Before I say anything else ... let me say this. Being in the front row is hard. Why? Because of the mirror. You want to face your own bullshit? You want to really connect with yourself and block out everybody else? Stick yourself in front of that mirror for 90 hot, sweaty minutes and you'll very quickly realize that the only person who matters is you. The only person who is in control of anything is yourself, and when you can't be in control you'll also learn that that's okay too. You want to learn how to let go of ... everything .. and learn to love the way you look and how your body moves? Get in front of that mirror. Being in that mirror literally makes you make a reckoning with yourself. You wanna cry? Go ahead. Nobody but the mirror sees, and you probably aren't the only one who's crying anyway.

Being in the front row, personally speaking, also means that you are taking your practice seriously and that your acting as an example to the new members that might find themselves sharing your class. At least, that's the expectation I put on myself anyway .. I have to lead by example, if I'm going to be in the front row. I feel like I have a responsibility to others behind me when I'm in the front. And maybe it's wrong of me to put that expectation of myself on my own shoulders but there it is.

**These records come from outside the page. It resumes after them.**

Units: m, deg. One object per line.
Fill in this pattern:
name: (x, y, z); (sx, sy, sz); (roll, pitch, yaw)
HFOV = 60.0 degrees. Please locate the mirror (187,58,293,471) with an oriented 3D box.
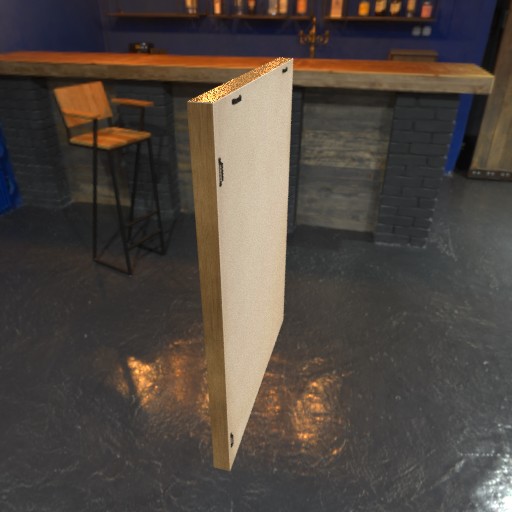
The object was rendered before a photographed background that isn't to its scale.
mirror: (0.000, 0.000, 0.927); (0.039, 0.711, 0.508); (8, 31, 13)
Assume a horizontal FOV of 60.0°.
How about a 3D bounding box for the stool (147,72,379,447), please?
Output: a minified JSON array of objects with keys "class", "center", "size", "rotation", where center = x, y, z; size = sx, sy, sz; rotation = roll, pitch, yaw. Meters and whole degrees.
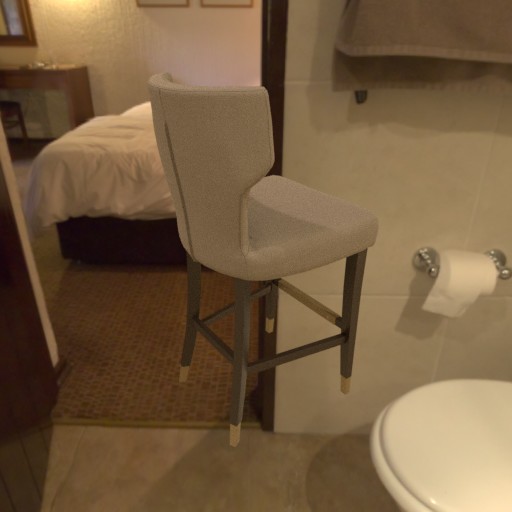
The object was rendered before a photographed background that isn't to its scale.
[{"class":"stool","center":[0.000,0.000,1.438],"size":[0.563,1.092,0.526],"rotation":[-18,32,-32]}]
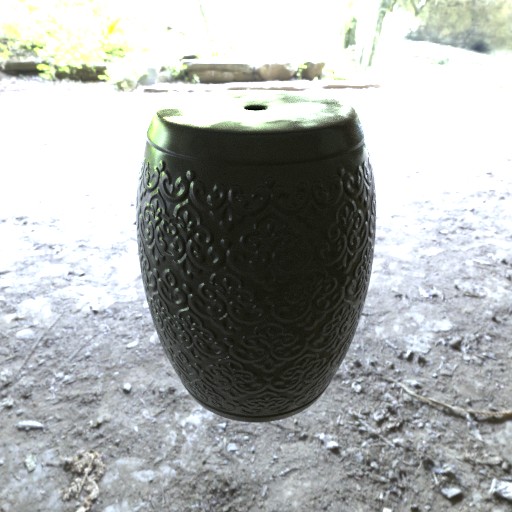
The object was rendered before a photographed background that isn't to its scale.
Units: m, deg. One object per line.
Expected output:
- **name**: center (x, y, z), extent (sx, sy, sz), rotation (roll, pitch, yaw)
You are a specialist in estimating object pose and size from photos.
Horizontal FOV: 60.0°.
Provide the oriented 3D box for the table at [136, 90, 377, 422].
- **table**: center (0.000, 0.000, 0.608), extent (0.309, 0.397, 0.309), rotation (0, 30, 0)
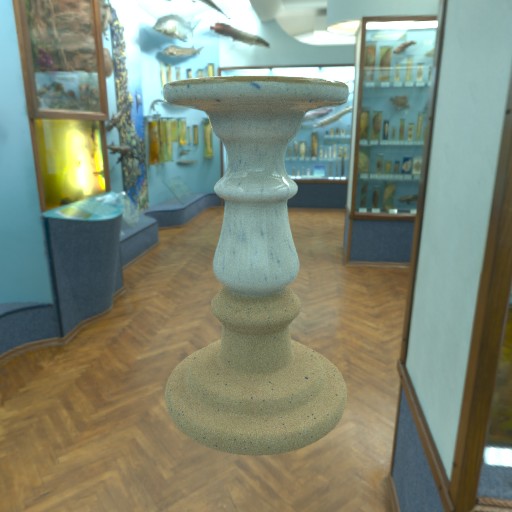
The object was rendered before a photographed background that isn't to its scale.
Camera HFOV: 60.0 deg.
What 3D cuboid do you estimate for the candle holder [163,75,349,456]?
[{"bbox_3d":[0.000,0.000,0.279,0.123,0.202,0.123,0,16,0],"label":"candle holder"}]
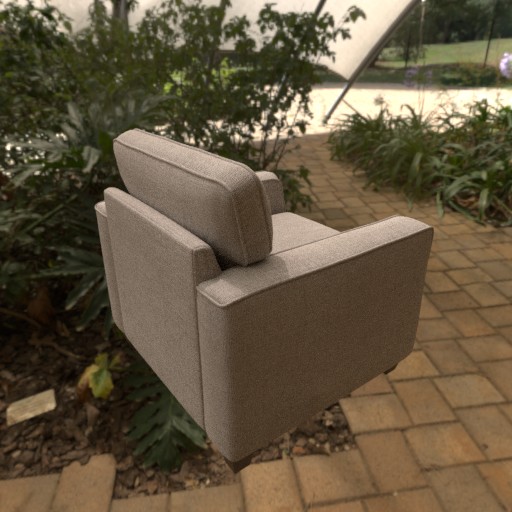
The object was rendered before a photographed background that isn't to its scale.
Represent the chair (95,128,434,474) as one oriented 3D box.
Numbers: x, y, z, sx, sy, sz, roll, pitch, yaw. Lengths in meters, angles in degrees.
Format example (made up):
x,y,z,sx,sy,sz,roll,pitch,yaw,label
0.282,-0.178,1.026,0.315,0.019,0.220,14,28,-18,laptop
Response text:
x,y,z,sx,sy,sz,roll,pitch,yaw,label
0.000,0.000,1.780,0.939,0.965,1.015,-18,31,-33,chair
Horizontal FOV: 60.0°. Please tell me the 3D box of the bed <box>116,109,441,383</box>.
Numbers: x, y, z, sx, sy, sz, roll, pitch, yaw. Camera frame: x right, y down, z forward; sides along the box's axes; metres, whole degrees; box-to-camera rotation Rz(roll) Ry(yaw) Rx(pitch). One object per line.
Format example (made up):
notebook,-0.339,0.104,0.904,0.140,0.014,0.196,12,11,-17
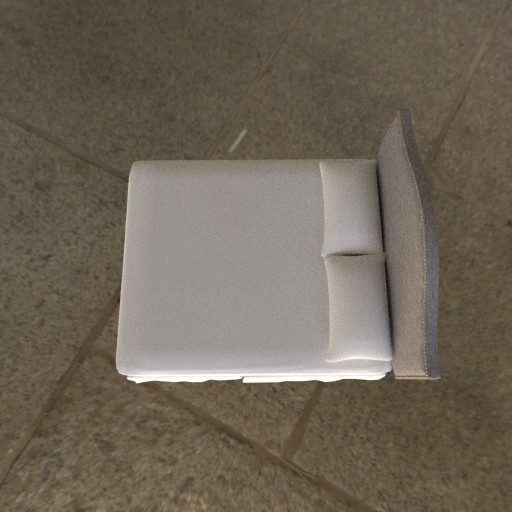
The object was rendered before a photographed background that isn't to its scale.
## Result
bed,0.000,0.000,2.914,1.870,1.295,1.610,0,75,0
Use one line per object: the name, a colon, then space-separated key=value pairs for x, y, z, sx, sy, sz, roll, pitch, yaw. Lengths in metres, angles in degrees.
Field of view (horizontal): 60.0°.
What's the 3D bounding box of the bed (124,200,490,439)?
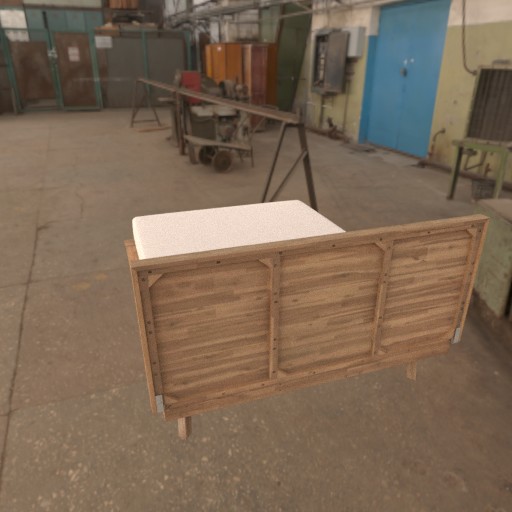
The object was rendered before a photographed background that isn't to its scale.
bed: x=0.000 y=0.000 z=3.107 sx=1.759 sy=1.071 sz=2.145 roll=-8 pitch=26 yaw=-17
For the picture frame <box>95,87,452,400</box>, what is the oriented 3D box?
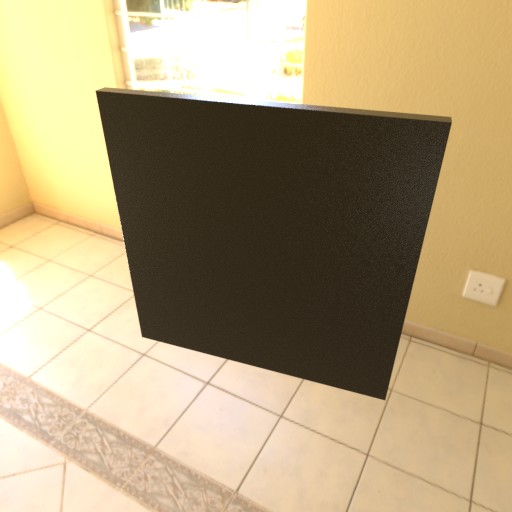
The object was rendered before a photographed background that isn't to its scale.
[{"bbox_3d":[0.000,0.000,0.826,0.559,0.557,0.029,11,34,16],"label":"picture frame"}]
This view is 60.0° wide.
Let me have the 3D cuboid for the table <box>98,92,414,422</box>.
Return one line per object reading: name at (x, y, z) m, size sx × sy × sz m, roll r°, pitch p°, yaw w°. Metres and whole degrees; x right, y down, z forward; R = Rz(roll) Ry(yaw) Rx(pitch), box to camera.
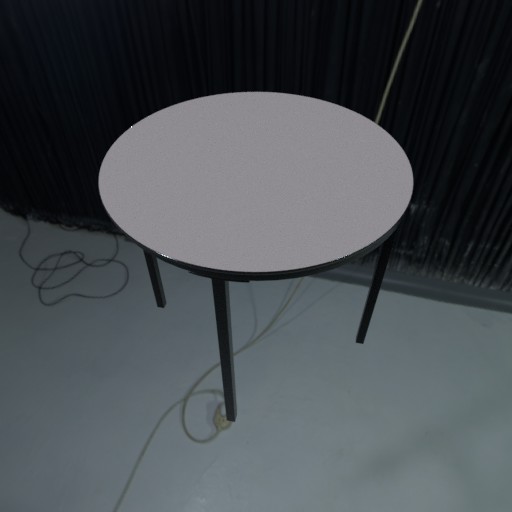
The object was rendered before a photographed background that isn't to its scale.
table at (0.000, 0.000, 0.879) m, size 0.499 × 0.443 × 0.499 m, roll 0°, pitch 45°, yaw 0°
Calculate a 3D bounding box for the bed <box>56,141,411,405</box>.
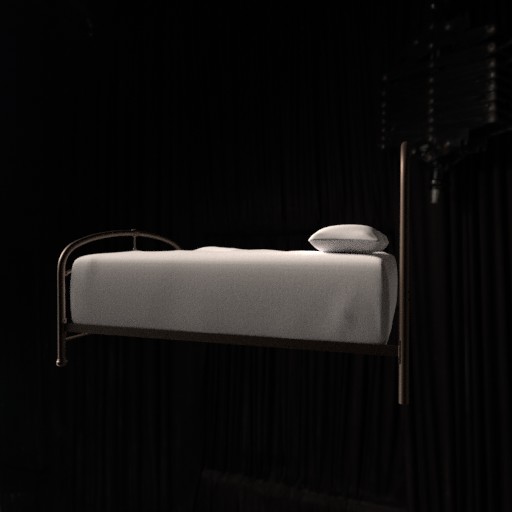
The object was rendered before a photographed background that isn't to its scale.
[{"bbox_3d":[0.000,0.000,3.314,2.180,1.425,1.711,0,1,19],"label":"bed"}]
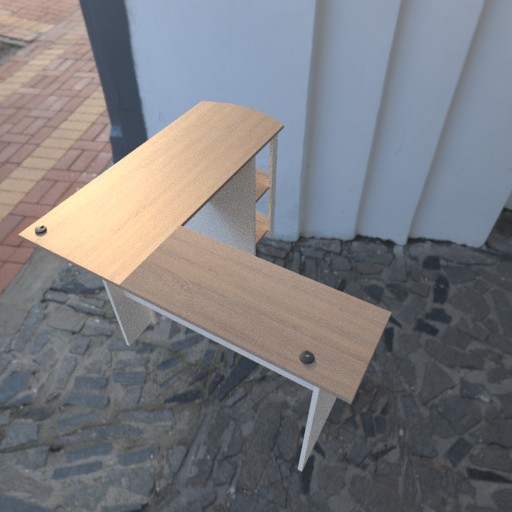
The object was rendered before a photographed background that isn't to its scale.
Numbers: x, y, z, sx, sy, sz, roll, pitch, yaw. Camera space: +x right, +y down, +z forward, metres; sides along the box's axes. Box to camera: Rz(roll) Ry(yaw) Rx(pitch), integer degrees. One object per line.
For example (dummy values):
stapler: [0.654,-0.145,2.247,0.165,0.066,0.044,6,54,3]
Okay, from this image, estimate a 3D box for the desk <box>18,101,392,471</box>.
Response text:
desk: [0.000,0.000,2.114,1.361,0.716,1.303,22,50,20]
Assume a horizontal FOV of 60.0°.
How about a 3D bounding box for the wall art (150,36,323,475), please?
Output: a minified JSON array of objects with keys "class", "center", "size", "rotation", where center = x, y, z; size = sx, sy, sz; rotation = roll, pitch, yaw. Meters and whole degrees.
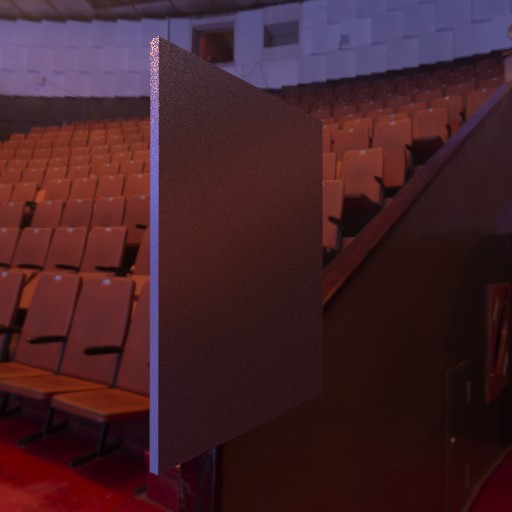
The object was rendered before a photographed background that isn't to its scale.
[{"class":"wall art","center":[0.000,0.000,1.391],"size":[0.030,1.046,0.816],"rotation":[0,-1,37]}]
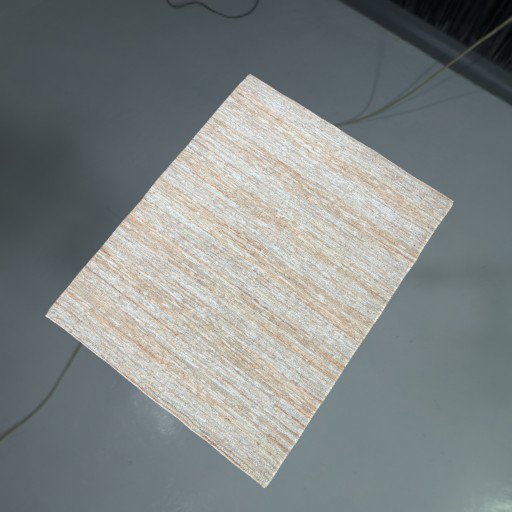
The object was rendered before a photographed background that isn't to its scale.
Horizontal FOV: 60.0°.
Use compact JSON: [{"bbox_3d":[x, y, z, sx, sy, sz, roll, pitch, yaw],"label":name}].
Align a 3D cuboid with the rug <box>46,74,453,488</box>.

Being in front of the mirror also means you have a lot more to be distracted by and it's really hard not to get caught up in what's going on behind you. Case in point: we're doing eagle pose last night, and we're nearly done and so close to the water break that I practically taste it when what happens? For a split second I loose my concentration. I'm watching a girl behind me out of the corner of my eye in the mirror, flinging her leg over the opposite one to get herself into the posture properly - which I can really only describe as being pretzel like - when what do I hear but this ugly, nasty, grinding crunching noise come from my right knee.

Oh fuck.

It HURT like a sonoffabitch. But, I'm in the front row I tell myself. You can't quit. Do what you can and don't push yourself too hard. That's what I try to tell myself. Meanwhile my brain is trying to get me to quit, and run away. And it very nearly succeeded. Still, I hung on for a couple of more postures before limping out of class. I grabbed a juice box from the fridge, wrapped myself up in my towel and put the juice box on my knee. (Don't worry, I bought the juice box afterwards.) I suspected Trista would come out when class had reached the first savasana, and she came out and asked what happened. She knew, instantly, that I was getting ready to quit and just go home. I think that my gym bag next to me on the bench was a dead giveaway.

It always amazes me, and totally inspires too, when someone who only knows you through a yoga practice has more confidence in my own abilities than I do. So, I got up. I went back in the hot room and did what my body would let me do. Did I get a little emotional and overwhelmed at the end? I did, but who cares? I won't be the first or last person that happens to.

So, the start of my 30 Day Challenge has been ... difficult, to say the least.  But it just goes to show that the dialogue in the room serves a purpose. It isn't just your yogi, stood there for 90 talking and listening to the sound of your own voice. No. You get in that room and you listen to that dialogue because it makes you stay present and in the moment. The mirror reflects back the consequences of your actions, and sometimes it may take a while to see those consequences or results, but sometimes the results are immediate. Literally, the second you check out, mentally, from that room the mirror will show you what happens, and I'm here as a testament to it.

So, if the dialogue says to lock your knee - lock it. Don't move, don't even blink your eyes - listen. Lie in stillness (even with sweat dripping in your ear) - lie in stillness. Breathing always normal, in and out through the nose - breath normally.

The words serve a purpose. Take them literally. Take your practice seriously, but also remember not to take yourself too seriously. Learn to love and learn to let go.

Trust in the process.
Deal with your own bullshit.
Everything you need, the body will provide.
Nothing bad will happen to you.
You will be stronger then your sweat.